Murphy, speaking later Tuesday at Maple Shade High School, where he announced a new statewide mental-health initiative to help students, promised to vigorously defend against the lawsuit, saying the facts favor the state. Communities are safer when all people feel comfortable coming forward to report crimes, he said.

“This is cold-bloodedly about the safety and security of all nine million people who call this great state their home," Murphy said.

In 2018, state Attorney General Gurbir S. Grewal issued a sweeping directive that included two restrictions the Justice Department wants a federal judge to declare invalid. The “Immigrant Trust Directive” prohibits state officials from sharing information with ICE that relates to immigration status and to release dates of people in their custody. The directive also requires law-enforcement officials to promptly notify a detained individual if ICE has filed an “immigration detainer request” for that person.
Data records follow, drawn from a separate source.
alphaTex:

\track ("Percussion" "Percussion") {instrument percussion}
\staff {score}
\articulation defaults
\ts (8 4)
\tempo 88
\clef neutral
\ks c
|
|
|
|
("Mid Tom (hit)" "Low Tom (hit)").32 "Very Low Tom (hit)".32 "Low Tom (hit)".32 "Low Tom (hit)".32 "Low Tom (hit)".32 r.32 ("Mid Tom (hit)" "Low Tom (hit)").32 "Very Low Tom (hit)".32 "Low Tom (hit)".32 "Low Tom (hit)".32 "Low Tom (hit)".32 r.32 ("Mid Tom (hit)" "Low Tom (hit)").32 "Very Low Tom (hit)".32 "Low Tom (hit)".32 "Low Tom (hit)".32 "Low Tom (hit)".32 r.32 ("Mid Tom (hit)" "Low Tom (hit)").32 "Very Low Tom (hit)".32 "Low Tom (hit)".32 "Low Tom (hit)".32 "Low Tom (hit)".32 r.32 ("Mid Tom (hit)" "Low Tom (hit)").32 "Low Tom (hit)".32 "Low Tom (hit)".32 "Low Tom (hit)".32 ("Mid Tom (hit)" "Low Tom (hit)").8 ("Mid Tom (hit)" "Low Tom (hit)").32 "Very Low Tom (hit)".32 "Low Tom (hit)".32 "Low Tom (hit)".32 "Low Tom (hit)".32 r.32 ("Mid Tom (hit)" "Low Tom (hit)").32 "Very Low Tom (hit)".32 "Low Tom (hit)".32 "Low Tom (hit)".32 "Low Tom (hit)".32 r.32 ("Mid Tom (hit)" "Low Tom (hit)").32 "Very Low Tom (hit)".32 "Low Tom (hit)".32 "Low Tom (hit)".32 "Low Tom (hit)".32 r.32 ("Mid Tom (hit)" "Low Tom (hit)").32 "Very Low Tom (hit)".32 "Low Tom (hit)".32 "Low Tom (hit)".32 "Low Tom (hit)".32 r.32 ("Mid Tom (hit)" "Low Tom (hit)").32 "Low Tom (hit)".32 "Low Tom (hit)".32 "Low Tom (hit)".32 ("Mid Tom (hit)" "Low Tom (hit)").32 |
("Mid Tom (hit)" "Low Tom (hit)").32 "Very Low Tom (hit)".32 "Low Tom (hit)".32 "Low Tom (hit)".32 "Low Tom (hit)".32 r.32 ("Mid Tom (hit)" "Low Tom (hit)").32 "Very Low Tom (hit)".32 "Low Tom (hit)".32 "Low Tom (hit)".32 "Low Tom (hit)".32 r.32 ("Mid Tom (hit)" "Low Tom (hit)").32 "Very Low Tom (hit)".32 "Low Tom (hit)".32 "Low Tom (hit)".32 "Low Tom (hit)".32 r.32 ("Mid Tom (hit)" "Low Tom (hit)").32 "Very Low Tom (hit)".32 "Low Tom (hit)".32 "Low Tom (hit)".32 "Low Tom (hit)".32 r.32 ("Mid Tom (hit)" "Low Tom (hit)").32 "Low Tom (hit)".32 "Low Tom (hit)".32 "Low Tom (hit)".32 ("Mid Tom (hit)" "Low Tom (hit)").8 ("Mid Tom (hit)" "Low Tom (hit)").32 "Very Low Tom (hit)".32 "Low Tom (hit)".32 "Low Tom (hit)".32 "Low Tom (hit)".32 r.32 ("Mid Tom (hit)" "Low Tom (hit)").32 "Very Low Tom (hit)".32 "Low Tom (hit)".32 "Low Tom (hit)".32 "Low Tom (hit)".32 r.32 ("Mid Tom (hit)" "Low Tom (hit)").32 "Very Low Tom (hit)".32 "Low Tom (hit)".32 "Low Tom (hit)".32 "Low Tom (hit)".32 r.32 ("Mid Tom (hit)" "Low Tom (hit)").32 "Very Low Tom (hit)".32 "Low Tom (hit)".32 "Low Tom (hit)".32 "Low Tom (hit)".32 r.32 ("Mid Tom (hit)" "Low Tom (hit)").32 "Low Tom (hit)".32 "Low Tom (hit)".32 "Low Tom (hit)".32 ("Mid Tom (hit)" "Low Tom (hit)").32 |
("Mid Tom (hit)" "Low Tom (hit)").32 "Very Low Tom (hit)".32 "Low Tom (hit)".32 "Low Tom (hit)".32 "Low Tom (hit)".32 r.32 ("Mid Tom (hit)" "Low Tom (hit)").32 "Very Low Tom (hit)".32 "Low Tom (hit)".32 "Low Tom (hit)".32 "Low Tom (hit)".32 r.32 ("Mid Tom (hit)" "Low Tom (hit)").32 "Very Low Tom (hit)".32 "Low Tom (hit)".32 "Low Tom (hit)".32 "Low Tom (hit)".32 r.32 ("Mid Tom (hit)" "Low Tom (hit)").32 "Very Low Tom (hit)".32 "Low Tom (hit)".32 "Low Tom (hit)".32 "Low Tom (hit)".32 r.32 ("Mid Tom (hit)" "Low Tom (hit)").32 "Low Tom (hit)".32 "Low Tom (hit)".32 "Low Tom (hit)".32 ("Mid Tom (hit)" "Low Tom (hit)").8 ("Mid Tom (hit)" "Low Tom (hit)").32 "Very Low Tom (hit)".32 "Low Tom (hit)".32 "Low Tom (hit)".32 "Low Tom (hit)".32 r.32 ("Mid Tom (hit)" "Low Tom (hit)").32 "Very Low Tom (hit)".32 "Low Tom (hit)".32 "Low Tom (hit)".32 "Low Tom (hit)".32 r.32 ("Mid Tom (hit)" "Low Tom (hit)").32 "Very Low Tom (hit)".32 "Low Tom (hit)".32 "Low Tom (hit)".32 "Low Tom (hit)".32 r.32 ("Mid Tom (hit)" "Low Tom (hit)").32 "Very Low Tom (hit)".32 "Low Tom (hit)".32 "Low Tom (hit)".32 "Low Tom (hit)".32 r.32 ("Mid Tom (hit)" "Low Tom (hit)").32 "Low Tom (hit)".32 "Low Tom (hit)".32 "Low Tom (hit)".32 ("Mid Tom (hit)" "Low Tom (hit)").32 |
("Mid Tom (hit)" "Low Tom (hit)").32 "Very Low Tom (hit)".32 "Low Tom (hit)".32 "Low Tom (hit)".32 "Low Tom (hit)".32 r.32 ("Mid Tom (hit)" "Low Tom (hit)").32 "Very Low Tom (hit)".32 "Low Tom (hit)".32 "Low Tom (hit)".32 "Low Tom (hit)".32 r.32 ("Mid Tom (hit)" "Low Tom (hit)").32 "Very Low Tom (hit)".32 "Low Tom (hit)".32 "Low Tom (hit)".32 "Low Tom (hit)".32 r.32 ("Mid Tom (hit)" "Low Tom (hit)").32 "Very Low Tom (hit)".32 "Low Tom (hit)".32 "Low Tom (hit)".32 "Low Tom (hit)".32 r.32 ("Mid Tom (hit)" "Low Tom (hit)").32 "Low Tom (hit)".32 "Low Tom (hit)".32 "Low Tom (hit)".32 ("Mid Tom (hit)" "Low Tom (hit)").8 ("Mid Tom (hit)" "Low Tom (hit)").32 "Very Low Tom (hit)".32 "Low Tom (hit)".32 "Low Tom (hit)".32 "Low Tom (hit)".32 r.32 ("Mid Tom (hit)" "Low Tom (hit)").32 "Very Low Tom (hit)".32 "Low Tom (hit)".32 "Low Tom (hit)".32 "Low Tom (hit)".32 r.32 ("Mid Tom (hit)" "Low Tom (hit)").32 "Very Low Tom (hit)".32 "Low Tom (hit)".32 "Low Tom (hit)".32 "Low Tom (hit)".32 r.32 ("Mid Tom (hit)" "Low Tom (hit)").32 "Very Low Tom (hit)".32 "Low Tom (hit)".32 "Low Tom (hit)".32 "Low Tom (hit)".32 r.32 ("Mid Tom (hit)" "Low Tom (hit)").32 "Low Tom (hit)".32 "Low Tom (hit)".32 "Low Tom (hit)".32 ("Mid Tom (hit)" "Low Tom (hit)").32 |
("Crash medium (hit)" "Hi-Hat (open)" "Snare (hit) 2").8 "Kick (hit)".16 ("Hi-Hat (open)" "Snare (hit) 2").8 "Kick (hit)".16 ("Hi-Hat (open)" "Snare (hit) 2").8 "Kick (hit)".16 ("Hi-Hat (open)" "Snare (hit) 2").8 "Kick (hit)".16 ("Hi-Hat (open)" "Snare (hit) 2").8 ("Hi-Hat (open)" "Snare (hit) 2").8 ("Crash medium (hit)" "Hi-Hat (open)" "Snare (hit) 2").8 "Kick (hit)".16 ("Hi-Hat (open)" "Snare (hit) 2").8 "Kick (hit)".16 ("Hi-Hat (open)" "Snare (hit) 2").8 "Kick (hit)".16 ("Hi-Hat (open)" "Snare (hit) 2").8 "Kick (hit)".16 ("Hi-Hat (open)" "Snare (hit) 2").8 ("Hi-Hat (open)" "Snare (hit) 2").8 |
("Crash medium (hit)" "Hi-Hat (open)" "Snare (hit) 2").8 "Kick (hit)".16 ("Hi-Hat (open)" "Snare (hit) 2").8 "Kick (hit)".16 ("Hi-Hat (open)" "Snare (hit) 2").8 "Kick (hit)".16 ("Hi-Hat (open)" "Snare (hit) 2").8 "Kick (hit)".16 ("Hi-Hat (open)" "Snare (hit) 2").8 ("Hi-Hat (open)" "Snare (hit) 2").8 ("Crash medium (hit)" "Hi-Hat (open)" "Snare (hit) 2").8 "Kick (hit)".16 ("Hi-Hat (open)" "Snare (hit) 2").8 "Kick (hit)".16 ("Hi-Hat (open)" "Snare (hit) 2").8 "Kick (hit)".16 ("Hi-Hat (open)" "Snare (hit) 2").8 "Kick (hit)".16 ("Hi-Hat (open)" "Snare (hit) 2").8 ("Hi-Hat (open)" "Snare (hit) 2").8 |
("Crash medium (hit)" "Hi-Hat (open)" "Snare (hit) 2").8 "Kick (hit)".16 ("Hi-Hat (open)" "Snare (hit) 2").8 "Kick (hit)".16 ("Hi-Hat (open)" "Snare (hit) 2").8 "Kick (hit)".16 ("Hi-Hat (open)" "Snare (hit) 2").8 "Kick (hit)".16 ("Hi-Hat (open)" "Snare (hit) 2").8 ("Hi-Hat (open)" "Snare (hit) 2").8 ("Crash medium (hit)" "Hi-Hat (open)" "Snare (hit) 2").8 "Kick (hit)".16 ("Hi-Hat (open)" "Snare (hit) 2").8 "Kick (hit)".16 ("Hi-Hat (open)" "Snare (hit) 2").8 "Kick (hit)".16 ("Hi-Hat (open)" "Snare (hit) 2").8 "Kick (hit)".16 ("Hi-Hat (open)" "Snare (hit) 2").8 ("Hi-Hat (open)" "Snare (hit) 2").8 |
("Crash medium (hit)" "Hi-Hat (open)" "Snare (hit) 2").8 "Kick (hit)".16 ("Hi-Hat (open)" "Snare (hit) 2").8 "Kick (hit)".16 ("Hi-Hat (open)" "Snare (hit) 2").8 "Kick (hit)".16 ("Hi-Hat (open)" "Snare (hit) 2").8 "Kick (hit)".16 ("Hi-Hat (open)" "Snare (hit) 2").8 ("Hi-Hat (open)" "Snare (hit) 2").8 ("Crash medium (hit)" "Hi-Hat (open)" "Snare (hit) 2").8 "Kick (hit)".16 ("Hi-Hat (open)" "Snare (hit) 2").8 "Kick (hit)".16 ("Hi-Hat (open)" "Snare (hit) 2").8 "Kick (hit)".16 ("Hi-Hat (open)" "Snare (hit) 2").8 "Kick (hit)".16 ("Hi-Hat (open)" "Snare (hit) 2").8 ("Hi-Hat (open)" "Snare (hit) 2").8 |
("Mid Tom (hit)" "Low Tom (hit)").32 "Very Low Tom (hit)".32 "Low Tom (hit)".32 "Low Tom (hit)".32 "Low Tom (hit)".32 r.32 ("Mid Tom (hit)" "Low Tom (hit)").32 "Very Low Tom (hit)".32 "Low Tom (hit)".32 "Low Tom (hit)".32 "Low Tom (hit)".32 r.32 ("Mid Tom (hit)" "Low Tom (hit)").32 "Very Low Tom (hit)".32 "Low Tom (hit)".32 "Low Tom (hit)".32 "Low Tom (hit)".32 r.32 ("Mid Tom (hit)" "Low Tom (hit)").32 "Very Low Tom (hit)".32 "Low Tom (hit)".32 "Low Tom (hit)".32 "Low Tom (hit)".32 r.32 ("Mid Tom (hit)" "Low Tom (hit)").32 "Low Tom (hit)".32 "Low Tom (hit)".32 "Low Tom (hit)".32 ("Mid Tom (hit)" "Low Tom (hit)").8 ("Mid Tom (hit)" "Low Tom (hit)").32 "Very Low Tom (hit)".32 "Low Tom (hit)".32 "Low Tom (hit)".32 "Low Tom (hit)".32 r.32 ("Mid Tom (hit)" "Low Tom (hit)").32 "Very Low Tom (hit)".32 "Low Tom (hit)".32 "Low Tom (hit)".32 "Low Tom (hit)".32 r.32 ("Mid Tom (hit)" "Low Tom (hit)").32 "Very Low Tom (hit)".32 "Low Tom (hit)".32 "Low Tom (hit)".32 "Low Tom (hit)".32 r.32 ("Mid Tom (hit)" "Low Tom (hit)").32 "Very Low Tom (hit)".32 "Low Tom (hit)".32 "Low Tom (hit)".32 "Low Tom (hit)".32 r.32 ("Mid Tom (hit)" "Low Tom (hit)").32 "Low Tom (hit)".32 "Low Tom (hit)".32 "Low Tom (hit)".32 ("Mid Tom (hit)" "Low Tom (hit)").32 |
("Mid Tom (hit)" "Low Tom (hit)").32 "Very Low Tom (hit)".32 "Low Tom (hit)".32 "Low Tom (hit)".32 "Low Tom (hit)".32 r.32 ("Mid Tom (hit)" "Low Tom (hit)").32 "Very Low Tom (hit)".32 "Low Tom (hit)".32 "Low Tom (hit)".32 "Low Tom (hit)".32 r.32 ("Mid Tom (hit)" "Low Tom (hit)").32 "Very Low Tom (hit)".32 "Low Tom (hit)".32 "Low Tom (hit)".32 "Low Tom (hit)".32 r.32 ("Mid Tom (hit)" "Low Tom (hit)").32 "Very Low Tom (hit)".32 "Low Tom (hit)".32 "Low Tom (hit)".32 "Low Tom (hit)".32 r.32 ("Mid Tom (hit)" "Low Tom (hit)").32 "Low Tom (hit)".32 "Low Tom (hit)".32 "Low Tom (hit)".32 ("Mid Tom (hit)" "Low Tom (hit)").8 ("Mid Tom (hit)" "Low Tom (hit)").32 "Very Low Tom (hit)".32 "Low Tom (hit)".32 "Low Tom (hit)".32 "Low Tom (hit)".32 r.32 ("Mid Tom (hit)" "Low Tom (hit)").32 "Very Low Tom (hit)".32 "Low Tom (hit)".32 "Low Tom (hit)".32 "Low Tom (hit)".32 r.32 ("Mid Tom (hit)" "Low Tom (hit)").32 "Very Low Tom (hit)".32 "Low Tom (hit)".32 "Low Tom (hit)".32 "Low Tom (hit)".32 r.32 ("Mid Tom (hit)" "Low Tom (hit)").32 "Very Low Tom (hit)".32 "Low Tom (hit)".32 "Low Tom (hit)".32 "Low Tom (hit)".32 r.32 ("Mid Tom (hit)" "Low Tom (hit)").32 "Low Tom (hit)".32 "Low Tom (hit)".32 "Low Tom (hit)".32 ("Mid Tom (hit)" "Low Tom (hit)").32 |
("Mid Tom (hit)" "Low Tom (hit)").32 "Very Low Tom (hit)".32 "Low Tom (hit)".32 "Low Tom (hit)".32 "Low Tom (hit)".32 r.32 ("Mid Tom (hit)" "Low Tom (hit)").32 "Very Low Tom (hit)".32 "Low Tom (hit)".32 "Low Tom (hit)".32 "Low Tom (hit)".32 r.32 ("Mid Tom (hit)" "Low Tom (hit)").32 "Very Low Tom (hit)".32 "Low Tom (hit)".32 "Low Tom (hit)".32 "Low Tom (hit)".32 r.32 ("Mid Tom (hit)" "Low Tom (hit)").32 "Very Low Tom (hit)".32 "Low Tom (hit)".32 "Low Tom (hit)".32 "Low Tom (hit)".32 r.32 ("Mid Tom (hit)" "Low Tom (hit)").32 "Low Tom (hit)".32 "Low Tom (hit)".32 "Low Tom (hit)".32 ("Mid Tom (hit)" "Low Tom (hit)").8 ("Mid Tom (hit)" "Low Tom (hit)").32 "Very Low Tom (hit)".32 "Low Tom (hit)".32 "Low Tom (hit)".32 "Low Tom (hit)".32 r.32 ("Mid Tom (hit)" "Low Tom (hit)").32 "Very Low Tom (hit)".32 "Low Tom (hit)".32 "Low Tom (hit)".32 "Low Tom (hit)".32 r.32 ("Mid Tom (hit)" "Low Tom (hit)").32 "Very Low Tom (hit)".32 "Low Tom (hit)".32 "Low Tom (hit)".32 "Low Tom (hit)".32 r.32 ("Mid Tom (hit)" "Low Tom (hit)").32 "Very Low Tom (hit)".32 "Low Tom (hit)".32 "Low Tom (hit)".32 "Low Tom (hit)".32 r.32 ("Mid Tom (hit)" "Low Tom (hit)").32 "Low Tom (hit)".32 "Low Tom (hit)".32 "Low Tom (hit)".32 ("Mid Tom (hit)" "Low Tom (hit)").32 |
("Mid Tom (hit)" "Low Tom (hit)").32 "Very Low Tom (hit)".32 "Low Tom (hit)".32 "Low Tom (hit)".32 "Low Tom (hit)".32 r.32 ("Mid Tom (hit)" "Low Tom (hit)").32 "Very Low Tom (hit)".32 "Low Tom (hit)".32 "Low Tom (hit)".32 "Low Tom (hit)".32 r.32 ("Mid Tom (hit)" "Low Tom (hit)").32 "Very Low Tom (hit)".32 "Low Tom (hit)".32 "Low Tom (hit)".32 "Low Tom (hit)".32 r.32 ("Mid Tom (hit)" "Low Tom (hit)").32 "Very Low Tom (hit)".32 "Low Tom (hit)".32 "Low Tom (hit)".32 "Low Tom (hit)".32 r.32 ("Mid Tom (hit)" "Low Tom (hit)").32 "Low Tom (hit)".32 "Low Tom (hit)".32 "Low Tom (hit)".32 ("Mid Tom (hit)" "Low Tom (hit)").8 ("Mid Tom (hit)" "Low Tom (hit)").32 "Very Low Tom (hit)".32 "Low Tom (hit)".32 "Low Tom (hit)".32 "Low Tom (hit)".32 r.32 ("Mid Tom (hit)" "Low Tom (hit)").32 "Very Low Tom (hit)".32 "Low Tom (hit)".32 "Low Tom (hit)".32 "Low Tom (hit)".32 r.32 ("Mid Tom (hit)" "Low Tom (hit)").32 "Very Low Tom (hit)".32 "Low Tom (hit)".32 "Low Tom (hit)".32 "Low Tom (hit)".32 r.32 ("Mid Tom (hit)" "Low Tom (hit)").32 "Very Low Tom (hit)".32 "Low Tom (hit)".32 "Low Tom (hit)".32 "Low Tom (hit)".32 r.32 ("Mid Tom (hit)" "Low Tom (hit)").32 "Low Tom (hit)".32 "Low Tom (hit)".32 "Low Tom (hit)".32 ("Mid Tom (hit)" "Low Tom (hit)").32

Those detainers have been highly controversial. ICE officials say they are valid, legally binding orders. But cities including Philadelphia say the detainers are merely administrative, issued by the agency on its own authority, and that ICE must get a signed judicial warrant if it wants local jurisdictions to hold and turnover detainees.

ACLU-NJ legal director Jeanne LoCicero called the lawsuit “another attempt by the Trump administration to intimidate immigrants” by eliminating “a critical tool for public safety and civil rights.”

The ACLU pledged to help defend the initiative in court.

“Our state has an important responsibility to keep communities safe,” LoCicero said, “and immigrants and their loved ones need to know that they will not be targeted for deportation just for reporting a crime or serving as a witness.“

And Johanna Calle, director of New Jersey Alliance for Immigrant Justice, said the lawsuit is "filled with egregious falsehoods. The directive to New Jersey law enforcement is clear and straightforward. It simply directs local police departments to use their already limited resources for protecting their local jurisdictions.”

ICE “continues to separate families, violates civil rights, and perpetuates violence in our communities,” Calle said. “When local and state law enforcement officers work with ICE, they are put at risk of violating the constitution.”